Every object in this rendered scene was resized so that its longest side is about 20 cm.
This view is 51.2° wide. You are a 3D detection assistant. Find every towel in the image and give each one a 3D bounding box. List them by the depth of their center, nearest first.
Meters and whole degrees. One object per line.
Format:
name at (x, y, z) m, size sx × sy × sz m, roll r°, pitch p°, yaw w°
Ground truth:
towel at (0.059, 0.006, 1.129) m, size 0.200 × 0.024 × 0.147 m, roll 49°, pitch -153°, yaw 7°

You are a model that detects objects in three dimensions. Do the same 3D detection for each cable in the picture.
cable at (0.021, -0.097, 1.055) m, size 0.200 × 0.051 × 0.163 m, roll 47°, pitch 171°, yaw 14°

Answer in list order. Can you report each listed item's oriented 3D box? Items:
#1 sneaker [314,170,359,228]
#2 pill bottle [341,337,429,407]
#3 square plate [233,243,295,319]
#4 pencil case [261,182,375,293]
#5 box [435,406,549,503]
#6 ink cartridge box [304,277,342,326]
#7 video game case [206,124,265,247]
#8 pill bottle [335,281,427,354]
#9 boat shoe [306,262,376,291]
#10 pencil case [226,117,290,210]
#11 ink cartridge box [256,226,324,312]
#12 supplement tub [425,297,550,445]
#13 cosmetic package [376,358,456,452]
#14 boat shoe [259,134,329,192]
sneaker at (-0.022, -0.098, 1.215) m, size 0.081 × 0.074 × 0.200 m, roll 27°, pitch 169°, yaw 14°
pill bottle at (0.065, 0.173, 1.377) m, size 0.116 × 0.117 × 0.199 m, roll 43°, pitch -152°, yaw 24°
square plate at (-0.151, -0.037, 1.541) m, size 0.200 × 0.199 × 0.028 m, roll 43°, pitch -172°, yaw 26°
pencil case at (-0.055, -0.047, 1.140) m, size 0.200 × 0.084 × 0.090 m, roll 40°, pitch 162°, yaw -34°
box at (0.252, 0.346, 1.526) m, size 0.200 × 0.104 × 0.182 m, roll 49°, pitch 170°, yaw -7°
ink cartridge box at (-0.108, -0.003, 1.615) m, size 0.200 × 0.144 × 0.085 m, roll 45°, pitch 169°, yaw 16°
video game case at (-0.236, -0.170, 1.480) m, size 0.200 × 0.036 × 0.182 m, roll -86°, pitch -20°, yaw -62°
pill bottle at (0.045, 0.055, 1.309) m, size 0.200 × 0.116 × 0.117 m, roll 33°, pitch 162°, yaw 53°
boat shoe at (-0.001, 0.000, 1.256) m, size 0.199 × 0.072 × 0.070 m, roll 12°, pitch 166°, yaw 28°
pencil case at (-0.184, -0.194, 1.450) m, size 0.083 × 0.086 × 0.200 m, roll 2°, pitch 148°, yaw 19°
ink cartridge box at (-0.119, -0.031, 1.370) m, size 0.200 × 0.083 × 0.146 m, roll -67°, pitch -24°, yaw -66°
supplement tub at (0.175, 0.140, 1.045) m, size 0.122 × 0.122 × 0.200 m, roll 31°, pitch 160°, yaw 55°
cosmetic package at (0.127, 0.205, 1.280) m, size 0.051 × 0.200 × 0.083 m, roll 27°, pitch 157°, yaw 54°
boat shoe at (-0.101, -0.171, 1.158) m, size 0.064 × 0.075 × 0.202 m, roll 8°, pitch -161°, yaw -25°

Task item: Transcribe every record. Match each line exactly.

Reply:
Every object in this rendered scene was resized so that its longest side is about 20 cm.
This view is 51.2° wide. You are a 3D detection assistant. Find every towel in the image and give each one a 3D bounding box. List them by the depth of their center, nearest first.
Meters and whole degrees. One object per line.
Format:
name at (x, y, z) m, size sx × sy × sz m, roll r°, pitch p°, yaw w°
Ground truth:
towel at (0.059, 0.006, 1.129) m, size 0.200 × 0.024 × 0.147 m, roll 49°, pitch -153°, yaw 7°

You are a model that detects objects in three dimensions. Do the same 3D detection for each cable in the picture.
cable at (0.021, -0.097, 1.055) m, size 0.200 × 0.051 × 0.163 m, roll 47°, pitch 171°, yaw 14°

Answer in list order. Can you report each listed item's oriented 3D box? Items:
#1 sneaker [314,170,359,228]
#2 pill bottle [341,337,429,407]
#3 square plate [233,243,295,319]
#4 pencil case [261,182,375,293]
#5 box [435,406,549,503]
#6 ink cartridge box [304,277,342,326]
#7 video game case [206,124,265,247]
#8 pill bottle [335,281,427,354]
#9 boat shoe [306,262,376,291]
#10 pencil case [226,117,290,210]
#11 ink cartridge box [256,226,324,312]
#12 supplement tub [425,297,550,445]
#13 cosmetic package [376,358,456,452]
#14 boat shoe [259,134,329,192]
sneaker at (-0.022, -0.098, 1.215) m, size 0.081 × 0.074 × 0.200 m, roll 27°, pitch 169°, yaw 14°
pill bottle at (0.065, 0.173, 1.377) m, size 0.116 × 0.117 × 0.199 m, roll 43°, pitch -152°, yaw 24°
square plate at (-0.151, -0.037, 1.541) m, size 0.200 × 0.199 × 0.028 m, roll 43°, pitch -172°, yaw 26°
pencil case at (-0.055, -0.047, 1.140) m, size 0.200 × 0.084 × 0.090 m, roll 40°, pitch 162°, yaw -34°
box at (0.252, 0.346, 1.526) m, size 0.200 × 0.104 × 0.182 m, roll 49°, pitch 170°, yaw -7°
ink cartridge box at (-0.108, -0.003, 1.615) m, size 0.200 × 0.144 × 0.085 m, roll 45°, pitch 169°, yaw 16°
video game case at (-0.236, -0.170, 1.480) m, size 0.200 × 0.036 × 0.182 m, roll -86°, pitch -20°, yaw -62°
pill bottle at (0.045, 0.055, 1.309) m, size 0.200 × 0.116 × 0.117 m, roll 33°, pitch 162°, yaw 53°
boat shoe at (-0.001, 0.000, 1.256) m, size 0.199 × 0.072 × 0.070 m, roll 12°, pitch 166°, yaw 28°
pencil case at (-0.184, -0.194, 1.450) m, size 0.083 × 0.086 × 0.200 m, roll 2°, pitch 148°, yaw 19°
ink cartridge box at (-0.119, -0.031, 1.370) m, size 0.200 × 0.083 × 0.146 m, roll -67°, pitch -24°, yaw -66°
supplement tub at (0.175, 0.140, 1.045) m, size 0.122 × 0.122 × 0.200 m, roll 31°, pitch 160°, yaw 55°
cosmetic package at (0.127, 0.205, 1.280) m, size 0.051 × 0.200 × 0.083 m, roll 27°, pitch 157°, yaw 54°
boat shoe at (-0.101, -0.171, 1.158) m, size 0.064 × 0.075 × 0.202 m, roll 8°, pitch -161°, yaw -25°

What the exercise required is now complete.